In order for this to be useful, we require that:
- Alice and Bob agree on an encryption and decryption method.
- no one else knows of these methods.
In real life, it is neither possible nor desirable that every pair of communicating parties agree on a new and secret method of communication. Instead we consider an alternate approach where Alice and Bob agree on a secret password (called a secret key) before hand. We modify the above system such that:
- one can only decrypt a message if the key with which it was encrypted is known.
- all communicating parties use the same encryption and decryption method.
This is analogous in some sense to the way we generally log into our email accounts. That a username and password are to be typed in are common knowledge, however only your specific password unlocks your account. In other words, the protocol, or process to unlock an account is publicly known and common to everyone, yet impossible without your secret key.
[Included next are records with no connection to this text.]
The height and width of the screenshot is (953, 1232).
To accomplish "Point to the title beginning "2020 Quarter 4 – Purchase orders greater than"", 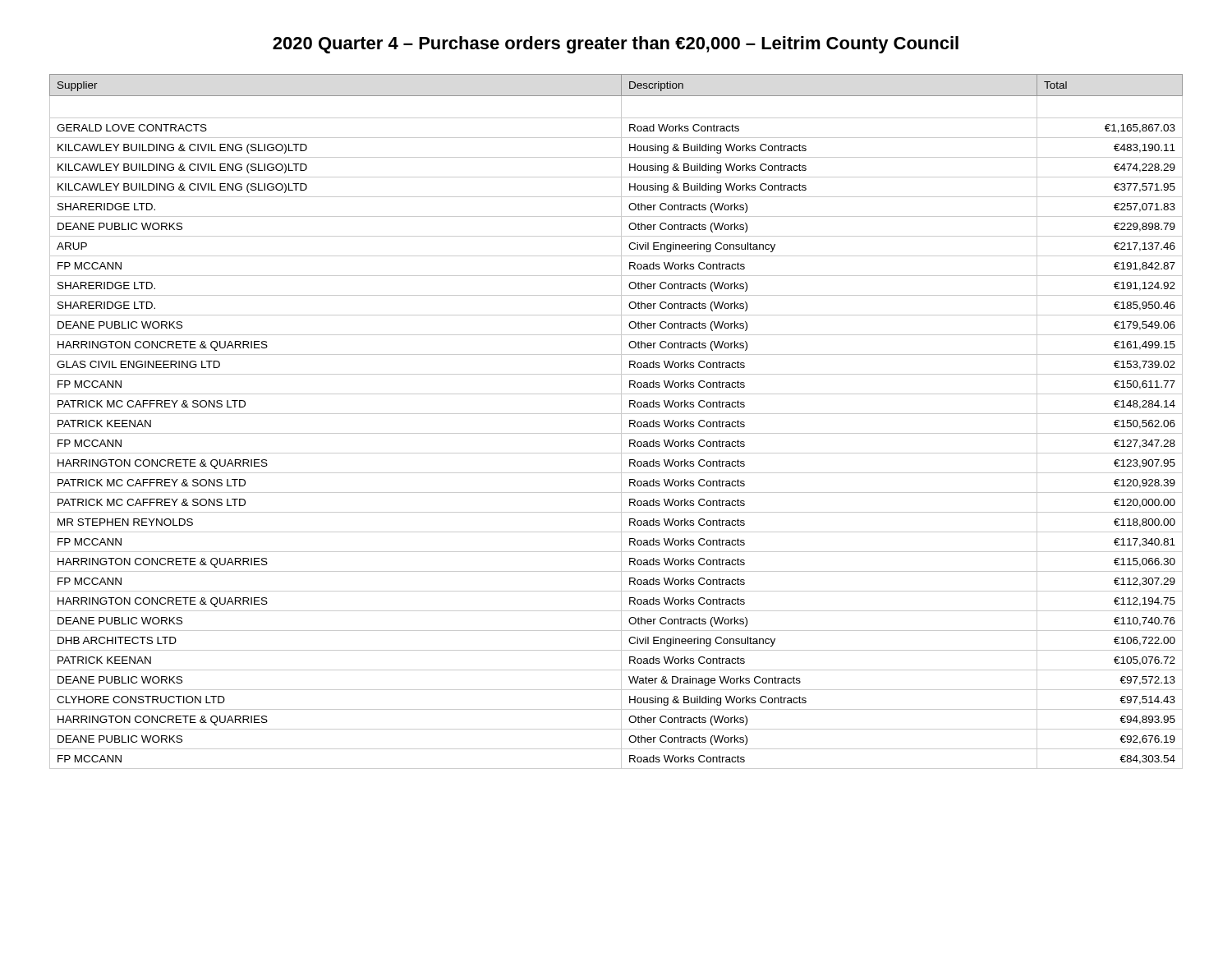I will [616, 44].
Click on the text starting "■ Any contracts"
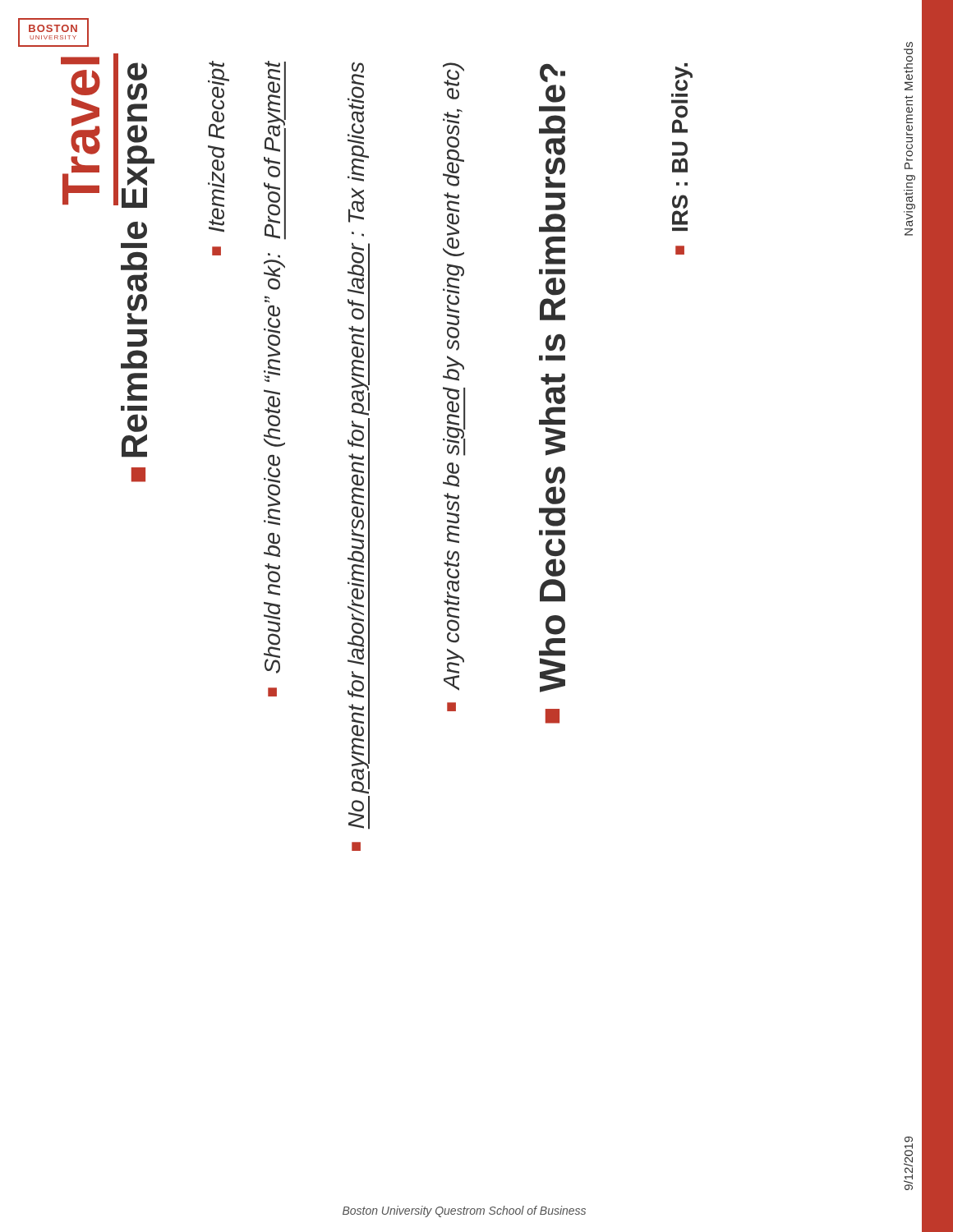Viewport: 953px width, 1232px height. (x=452, y=390)
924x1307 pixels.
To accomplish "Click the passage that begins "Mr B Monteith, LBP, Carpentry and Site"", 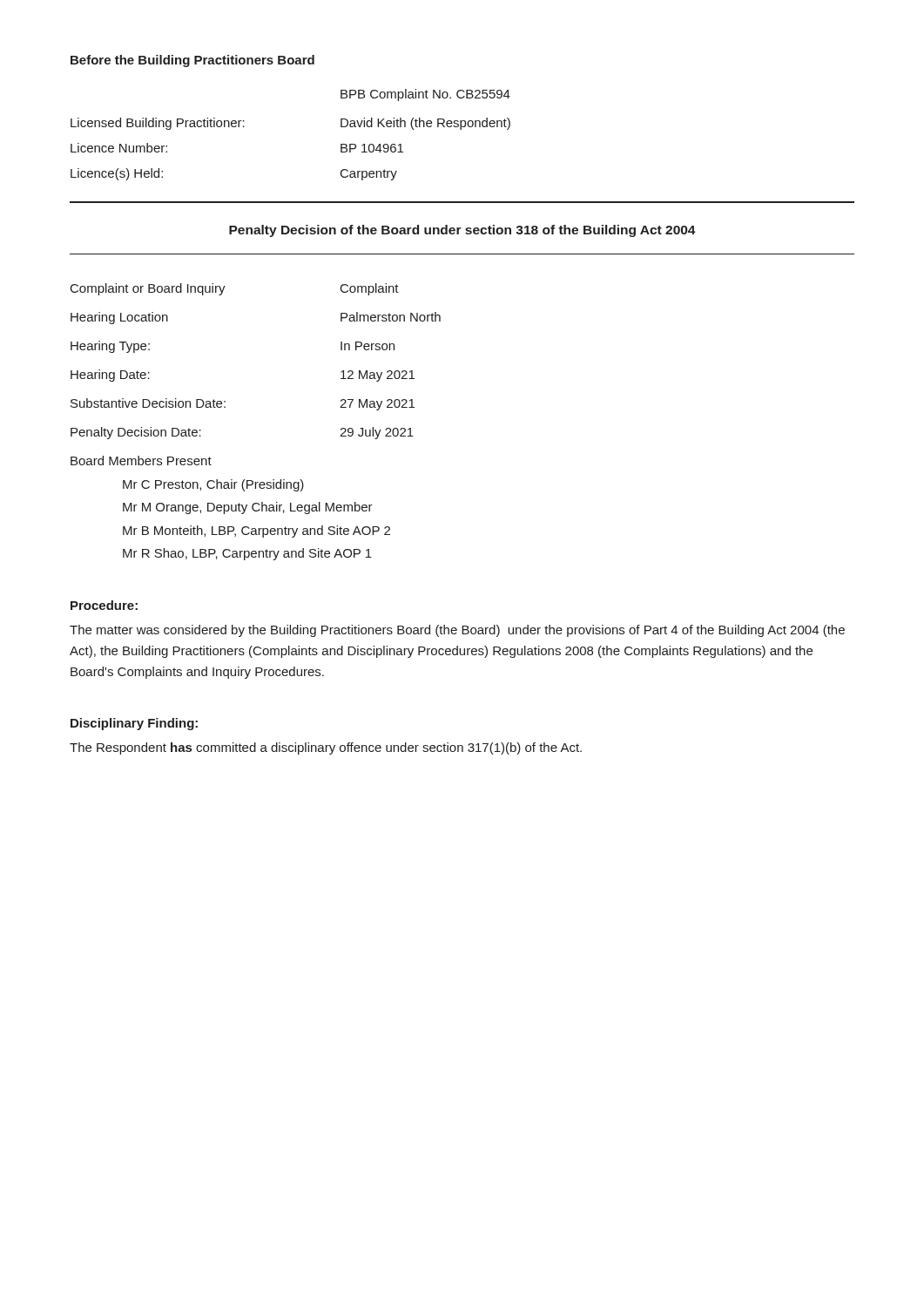I will [x=256, y=530].
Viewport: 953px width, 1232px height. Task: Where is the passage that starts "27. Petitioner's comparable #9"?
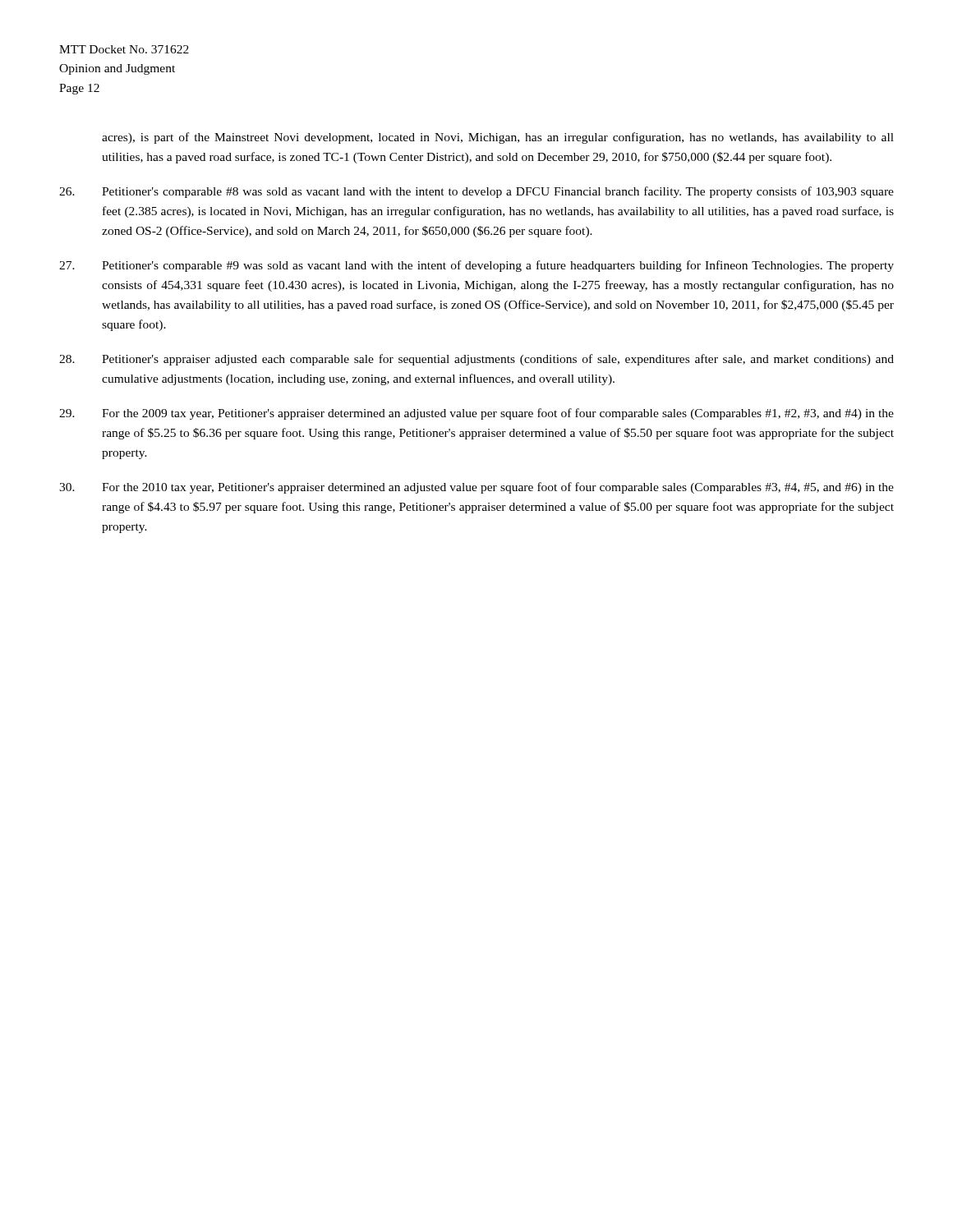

So Alice and Bob now agree on a secret key beforehand, and choose a publicly known encryption and decryption method. When Alice sends Hello Bob, she encrypts it with the function and that specific secret key. Bob then uses the same secret key to decrypt the message. The eavesdropper obtains the encrypted message, and knows the method to decrypt a message in general, but is unable to do so without the secret key.
This is one simple way Alice and Bob can encrypt their messages to keep them secret from eavesdroppers. This systems seems to work, provided that:
- Alice and Bob have agreed on a secret key beforehand, and nobody else knows of this key.
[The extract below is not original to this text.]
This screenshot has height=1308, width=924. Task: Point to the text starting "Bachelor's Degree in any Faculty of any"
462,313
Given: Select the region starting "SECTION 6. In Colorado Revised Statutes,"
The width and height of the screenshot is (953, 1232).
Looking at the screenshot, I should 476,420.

- we know of suitable encryption and decryption functions.
The system suggested above certainly still is not without issues. If a third party guesses the key correctly, then he/she will be able to read all the messages. It must hence be hard to guess the key. Alice and Bob will also need some way to secretly agree on such a key. Without this, this method will not work at all. Additionally, it provides Bob with no way to verify that Alice indeed sent the messages, and not someone else.
The system discussed above is called symmetric encryption, since encryption and decryption both symmetrically use the same secret key. There are other methods where different keys are used.
In future articles, we will discuss other methods that improve on the security of this scheme.